A quick look at their philosophical musings showed no logical connection to their depression/anhedonia. They were simply depressed and in need of psychological counselling, rather than a philosophical escape route. More counselling, and less philosophy, was my suggestion to them.
Thanks for the insight.This was the first I ever heard of it. I don't feel qualified to say something like "it's all in your head", and I don't think that's what I would want to hear if it we're me anyway. I did read a little on it. It's a problem since you can't really measure someone's experience of pleasure. No doubt though, Mozart is convinced his logic is solid.
I don't feel qualified to say something like "it's all in your head", and I don't think that's what I would want to hear if it we're me anyway.
It wasn't my intention to give a definitive diagnosis to these "anhedonian" folks, I repeatedly told them to get professional help. My intention was just to follow their logic through to see if what they thought (i.e. that they'd logically entrapped themselves) was true or not. They were telling me their anhedonia was a direct result of their lifting the veil on reality to uncover a darkness of nihilism, and they were convinced they could never backtrack to their former selves now that their eyes had been opened to the "truth". It was complete baloney, they were just depressed and conflated their philosophy into the mix, IMO. And these were highly intelligent people, which just goes to prove that cognitive ability doesn't always go hand-in-hand with common sense. Maybe Mozart has different names on different forums, maybe it was him that I spoke with.
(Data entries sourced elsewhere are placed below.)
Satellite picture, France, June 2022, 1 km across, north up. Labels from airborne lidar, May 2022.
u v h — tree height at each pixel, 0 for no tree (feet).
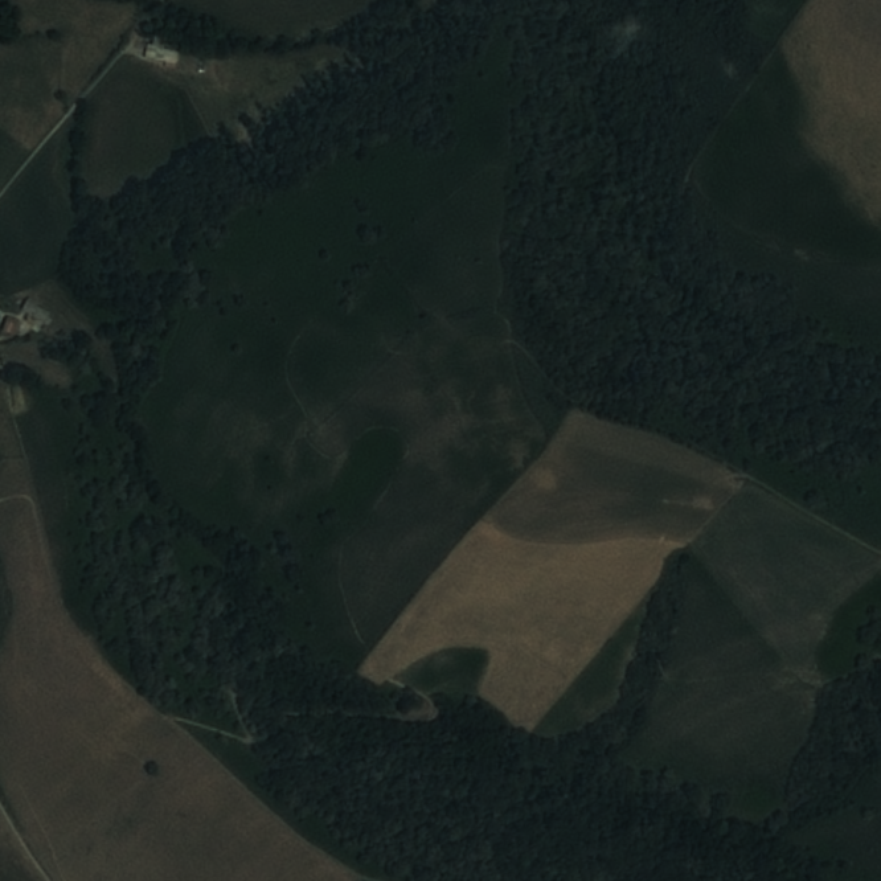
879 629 52
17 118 0
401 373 0
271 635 33
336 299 0
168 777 0
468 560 0
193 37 74
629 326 100
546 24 83
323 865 0
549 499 0
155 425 0
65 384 0
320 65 0
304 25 0
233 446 0
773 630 0
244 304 41
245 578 56
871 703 83
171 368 0
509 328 0
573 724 0
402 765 26
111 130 0
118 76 0
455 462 0
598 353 45
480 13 65
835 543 0
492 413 0
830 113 0
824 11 0
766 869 71
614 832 71
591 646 0
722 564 0
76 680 0
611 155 95
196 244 27
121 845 0
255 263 0
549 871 58
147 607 45
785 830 45
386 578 0
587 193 44
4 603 0
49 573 0
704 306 92
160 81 0
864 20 0
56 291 0
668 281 65
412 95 79
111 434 0
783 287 53
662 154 42
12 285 0
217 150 97
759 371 84
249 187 57
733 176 0
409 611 0
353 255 0
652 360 77
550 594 0
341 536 0
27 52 0
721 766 0
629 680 22
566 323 51
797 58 0
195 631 21
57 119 0
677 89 52
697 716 0
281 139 91
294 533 0
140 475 28
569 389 36
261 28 0
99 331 31
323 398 0
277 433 0
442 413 0
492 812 54
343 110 87
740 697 0
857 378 89
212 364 0
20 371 52
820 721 29
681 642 0
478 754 56
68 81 0
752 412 51
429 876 51
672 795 66
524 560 0
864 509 0
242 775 0
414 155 0
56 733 0
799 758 25
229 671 58
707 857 48
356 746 72
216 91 0
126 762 0
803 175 0
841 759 71
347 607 0
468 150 0
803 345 82
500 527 0
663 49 42
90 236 58
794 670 0
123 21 0
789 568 0
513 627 0
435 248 0
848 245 0
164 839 0
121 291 47
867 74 0
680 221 69
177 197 73
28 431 0
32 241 0
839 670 0
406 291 0
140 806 0
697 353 76
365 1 0
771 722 0
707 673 0
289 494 0
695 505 0
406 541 0
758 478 0
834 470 37
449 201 0
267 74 0
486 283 0
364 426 0
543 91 74
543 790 49
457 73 55
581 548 0
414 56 89
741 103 0
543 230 79
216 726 0
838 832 0
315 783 59
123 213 48
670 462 0
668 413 20
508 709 0
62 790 0
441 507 0
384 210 0
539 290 37
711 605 0
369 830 47
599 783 85
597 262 87
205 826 0
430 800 59
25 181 0
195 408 0
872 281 0
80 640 0
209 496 0
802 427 53
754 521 0
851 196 0
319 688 54
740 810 0
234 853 0
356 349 0
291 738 70
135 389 30
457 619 0
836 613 0
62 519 0
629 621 0
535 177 70
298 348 0
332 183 0
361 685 22
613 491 0
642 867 65
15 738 0
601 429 0
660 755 0
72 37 0
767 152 0
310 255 0
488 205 0
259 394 0
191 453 0
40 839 0
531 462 0
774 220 0
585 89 93
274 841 0
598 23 30
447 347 0
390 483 0
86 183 46
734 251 0
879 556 0
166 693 35
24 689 0
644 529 0
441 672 0
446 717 41
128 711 0
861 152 0
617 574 0
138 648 66
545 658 0
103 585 0
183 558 0
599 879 44
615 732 53
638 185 36
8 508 0

This reminds me of a new podcast about the mind I recently heard. The story they told was of a guy who saw a slasher movie, then became obsessed with thinking about slashing people, even his wife. He thought he was becoming an evil person but his Dr said the problem is he is hyper moral and had a form of OCD. Once he started thinking about killing, it bothered him, so he couldn’t stop thinking about it. He thought he was doing the right thing by focusing on the thoughts, but it was just an misunderstanding of how thoughts work. He eventually came to understand that these were just thoughts, that he was not ever going to kill anyone.
Disclaimer: This doesn’t apply to everyone, if you’re thinking about killing people, talk to your Dr

Reading all of the above reminds me of a line or two from Rudyard Kipling’s poem If:
If you can dream—and not make dreams your master;
If you can think—and not make thoughts your aim;

Thinking about Pleasure = Good is fine, but where do you go from there? Does it give your life direction? Does it then make you determined to take some action? Or is it just an excuse to feel sorry for yourself? If the latter, then the second line applies.
My apologies if this comes across as insensitive. But ask in a public forum and that’s what you get.